### Problem to solve
Output the data below line for line, exactly, up to and including the line where "Give a very brief answer. 1." appears.

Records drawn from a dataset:
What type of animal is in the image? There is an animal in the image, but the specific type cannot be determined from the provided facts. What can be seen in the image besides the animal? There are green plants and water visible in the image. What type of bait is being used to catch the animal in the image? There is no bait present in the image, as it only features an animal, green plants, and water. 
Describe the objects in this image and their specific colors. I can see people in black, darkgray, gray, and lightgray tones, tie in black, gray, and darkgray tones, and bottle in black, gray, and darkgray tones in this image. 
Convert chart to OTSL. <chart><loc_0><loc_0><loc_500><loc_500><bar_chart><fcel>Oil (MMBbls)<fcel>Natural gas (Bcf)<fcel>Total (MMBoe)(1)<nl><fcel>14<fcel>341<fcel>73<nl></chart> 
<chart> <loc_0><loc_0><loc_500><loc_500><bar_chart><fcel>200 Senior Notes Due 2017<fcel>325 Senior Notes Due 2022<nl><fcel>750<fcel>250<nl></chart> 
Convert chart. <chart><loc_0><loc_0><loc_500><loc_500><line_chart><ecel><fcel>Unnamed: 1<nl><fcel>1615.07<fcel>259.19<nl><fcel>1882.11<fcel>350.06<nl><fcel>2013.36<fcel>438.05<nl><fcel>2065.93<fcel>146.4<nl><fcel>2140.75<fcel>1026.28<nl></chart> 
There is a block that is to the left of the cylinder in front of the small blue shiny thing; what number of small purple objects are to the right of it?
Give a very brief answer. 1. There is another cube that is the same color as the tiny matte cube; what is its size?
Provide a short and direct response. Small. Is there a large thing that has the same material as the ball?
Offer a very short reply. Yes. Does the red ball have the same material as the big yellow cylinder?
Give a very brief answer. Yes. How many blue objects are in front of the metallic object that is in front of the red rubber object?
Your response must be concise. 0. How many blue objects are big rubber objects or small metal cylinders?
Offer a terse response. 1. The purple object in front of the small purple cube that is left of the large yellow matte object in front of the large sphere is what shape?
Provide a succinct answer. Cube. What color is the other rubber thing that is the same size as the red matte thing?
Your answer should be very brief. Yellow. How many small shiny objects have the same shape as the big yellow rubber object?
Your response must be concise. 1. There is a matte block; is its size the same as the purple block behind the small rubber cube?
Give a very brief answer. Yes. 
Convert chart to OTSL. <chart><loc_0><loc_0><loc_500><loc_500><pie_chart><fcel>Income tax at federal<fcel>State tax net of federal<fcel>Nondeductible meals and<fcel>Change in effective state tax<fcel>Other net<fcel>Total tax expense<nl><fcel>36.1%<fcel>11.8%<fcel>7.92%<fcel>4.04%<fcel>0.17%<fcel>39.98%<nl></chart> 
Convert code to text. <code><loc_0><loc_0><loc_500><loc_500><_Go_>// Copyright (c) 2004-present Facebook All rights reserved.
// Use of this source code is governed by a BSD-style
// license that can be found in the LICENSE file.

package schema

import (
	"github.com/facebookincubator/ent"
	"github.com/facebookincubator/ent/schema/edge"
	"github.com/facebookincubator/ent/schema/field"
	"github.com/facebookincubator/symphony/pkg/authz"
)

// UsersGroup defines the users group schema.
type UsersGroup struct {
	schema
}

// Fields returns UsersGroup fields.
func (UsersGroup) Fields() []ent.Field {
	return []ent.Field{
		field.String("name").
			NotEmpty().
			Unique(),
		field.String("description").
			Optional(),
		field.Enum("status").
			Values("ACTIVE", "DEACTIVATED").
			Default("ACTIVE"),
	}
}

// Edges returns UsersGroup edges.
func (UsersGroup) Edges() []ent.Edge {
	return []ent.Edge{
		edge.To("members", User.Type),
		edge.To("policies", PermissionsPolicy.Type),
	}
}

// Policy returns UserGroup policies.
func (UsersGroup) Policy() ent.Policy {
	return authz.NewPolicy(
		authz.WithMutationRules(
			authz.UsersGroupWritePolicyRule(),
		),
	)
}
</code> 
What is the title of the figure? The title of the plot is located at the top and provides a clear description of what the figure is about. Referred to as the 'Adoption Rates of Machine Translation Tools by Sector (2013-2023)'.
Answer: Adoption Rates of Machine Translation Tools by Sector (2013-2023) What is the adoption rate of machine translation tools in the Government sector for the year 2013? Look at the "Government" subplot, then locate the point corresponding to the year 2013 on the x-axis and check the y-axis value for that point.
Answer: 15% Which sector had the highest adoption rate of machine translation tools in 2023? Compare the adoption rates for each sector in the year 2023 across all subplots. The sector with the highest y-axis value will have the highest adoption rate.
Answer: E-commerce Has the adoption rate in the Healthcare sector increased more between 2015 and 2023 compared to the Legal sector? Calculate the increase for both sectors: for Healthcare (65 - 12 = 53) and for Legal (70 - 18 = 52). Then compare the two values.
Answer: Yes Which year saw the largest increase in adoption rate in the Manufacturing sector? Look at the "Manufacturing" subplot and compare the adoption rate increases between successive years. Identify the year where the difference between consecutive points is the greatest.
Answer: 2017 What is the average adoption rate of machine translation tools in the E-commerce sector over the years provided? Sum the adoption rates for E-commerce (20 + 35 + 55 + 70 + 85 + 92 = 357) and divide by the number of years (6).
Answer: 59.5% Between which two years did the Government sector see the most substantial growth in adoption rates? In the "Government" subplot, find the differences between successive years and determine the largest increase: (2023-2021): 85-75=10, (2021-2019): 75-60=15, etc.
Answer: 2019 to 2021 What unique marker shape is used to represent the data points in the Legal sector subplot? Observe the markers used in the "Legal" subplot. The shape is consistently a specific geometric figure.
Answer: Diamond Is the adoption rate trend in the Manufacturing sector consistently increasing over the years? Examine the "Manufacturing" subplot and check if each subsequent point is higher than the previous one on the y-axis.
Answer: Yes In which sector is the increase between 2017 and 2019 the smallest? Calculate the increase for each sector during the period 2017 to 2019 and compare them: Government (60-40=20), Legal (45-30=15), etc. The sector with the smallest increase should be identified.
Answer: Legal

### Expected answer
What type of animal is in the image? There is an animal in the image, but the specific type cannot be determined from the provided facts. What can be seen in the image besides the animal? There are green plants and water visible in the image. What type of bait is being used to catch the animal in the image? There is no bait present in the image, as it only features an animal, green plants, and water. 
Describe the objects in this image and their specific colors. I can see people in black, darkgray, gray, and lightgray tones, tie in black, gray, and darkgray tones, and bottle in black, gray, and darkgray tones in this image. 
Convert chart to OTSL. <chart><loc_0><loc_0><loc_500><loc_500><bar_chart><fcel>Oil (MMBbls)<fcel>Natural gas (Bcf)<fcel>Total (MMBoe)(1)<nl><fcel>14<fcel>341<fcel>73<nl></chart> 
<chart> <loc_0><loc_0><loc_500><loc_500><bar_chart><fcel>200 Senior Notes Due 2017<fcel>325 Senior Notes Due 2022<nl><fcel>750<fcel>250<nl></chart> 
Convert chart. <chart><loc_0><loc_0><loc_500><loc_500><line_chart><ecel><fcel>Unnamed: 1<nl><fcel>1615.07<fcel>259.19<nl><fcel>1882.11<fcel>350.06<nl><fcel>2013.36<fcel>438.05<nl><fcel>2065.93<fcel>146.4<nl><fcel>2140.75<fcel>1026.28<nl></chart> 
There is a block that is to the left of the cylinder in front of the small blue shiny thing; what number of small purple objects are to the right of it?
Give a very brief answer. 1. There is another cube that is the same color as the tiny matte cube; what is its size?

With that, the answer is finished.